▸ **Your assignment**
With pictures removed, the data below should be returned exactly.

Content starts

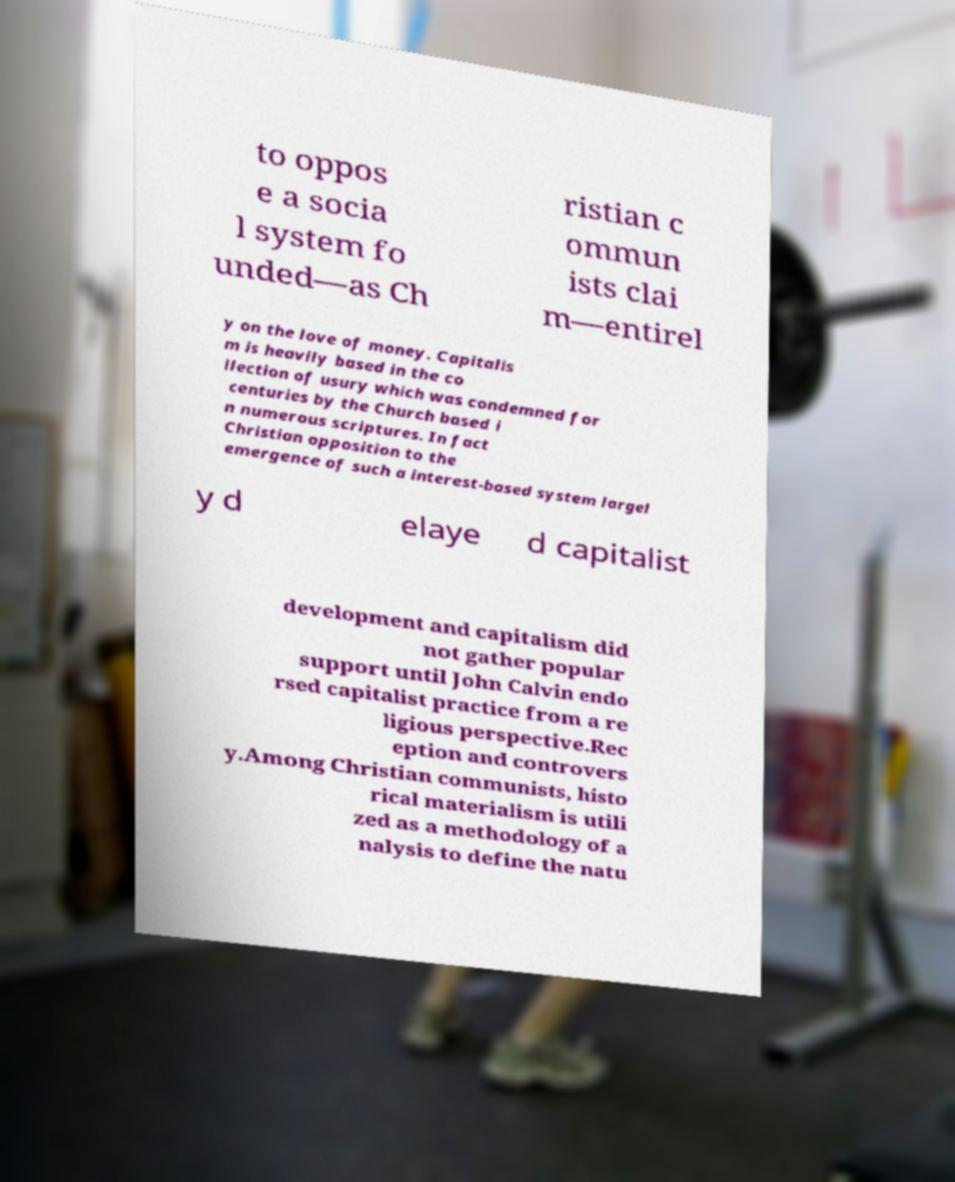I need the written content from this picture converted into text. Can you do that? to oppos e a socia l system fo unded—as Ch ristian c ommun ists clai m—entirel y on the love of money. Capitalis m is heavily based in the co llection of usury which was condemned for centuries by the Church based i n numerous scriptures. In fact Christian opposition to the emergence of such a interest-based system largel y d elaye d capitalist development and capitalism did not gather popular support until John Calvin endo rsed capitalist practice from a re ligious perspective.Rec eption and controvers y.Among Christian communists, histo rical materialism is utili zed as a methodology of a nalysis to define the natu 
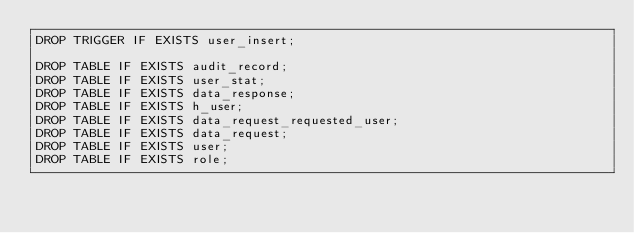Convert code to text. <code><loc_0><loc_0><loc_500><loc_500><_SQL_>DROP TRIGGER IF EXISTS user_insert;

DROP TABLE IF EXISTS audit_record;
DROP TABLE IF EXISTS user_stat;
DROP TABLE IF EXISTS data_response;
DROP TABLE IF EXISTS h_user;
DROP TABLE IF EXISTS data_request_requested_user;
DROP TABLE IF EXISTS data_request;
DROP TABLE IF EXISTS user;
DROP TABLE IF EXISTS role;</code> 
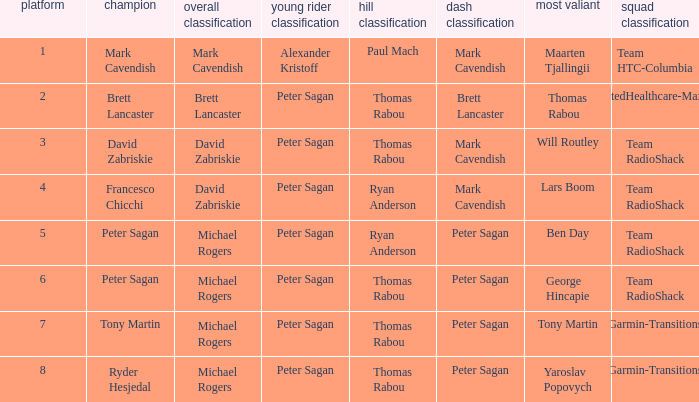When Brett Lancaster won the general classification, who won the team calssification? UnitedHealthcare-Maxxis. 
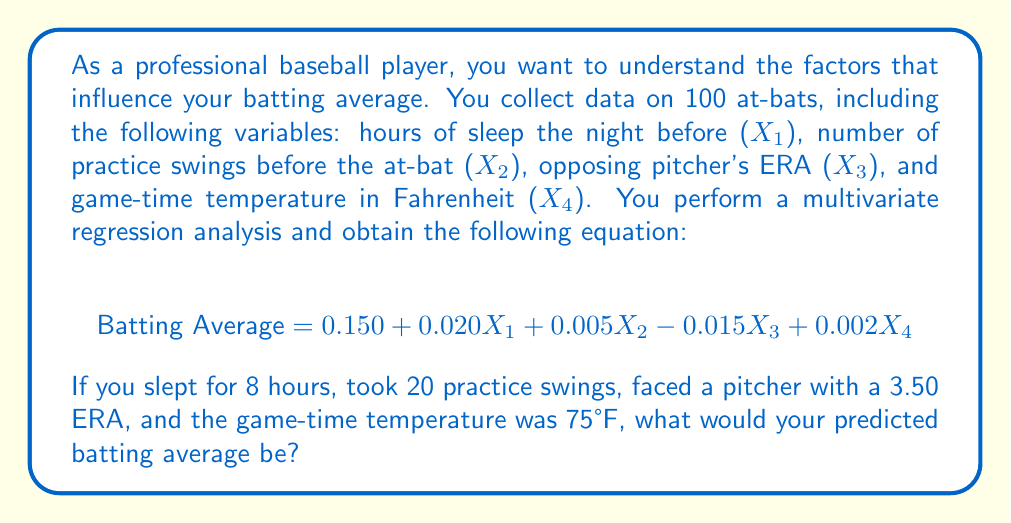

Content ends

▸ **Exercise output**
I need the written content from this picture converted into text. Can you do that? to oppos e a socia l system fo unded—as Ch ristian c ommun ists clai m—entirel y on the love of money. Capitalis m is heavily based in the co llection of usury which was condemned for centuries by the Church based i n numerous scriptures. In fact Christian opposition to the emergence of such a interest-based system largel y d elaye d capitalist development and capitalism did not gather popular support until John Calvin endo rsed capitalist practice from a re ligious perspective.Rec eption and controvers y.Among Christian communists, histo rical materialism is utili zed as a methodology of a nalysis to define the natu 
Convert code to text. <code><loc_0><loc_0><loc_500><loc_500><_SQL_>DROP TRIGGER IF EXISTS user_insert;

DROP TABLE IF EXISTS audit_record;
DROP TABLE IF EXISTS user_stat;
DROP TABLE IF EXISTS data_response;
DROP TABLE IF EXISTS h_user;
DROP TABLE IF EXISTS data_request_requested_user;
DROP TABLE IF EXISTS data_request;
DROP TABLE IF EXISTS user;
DROP TABLE IF EXISTS role;</code> 
When Brett Lancaster won the general classification, who won the team calssification? UnitedHealthcare-Maxxis. 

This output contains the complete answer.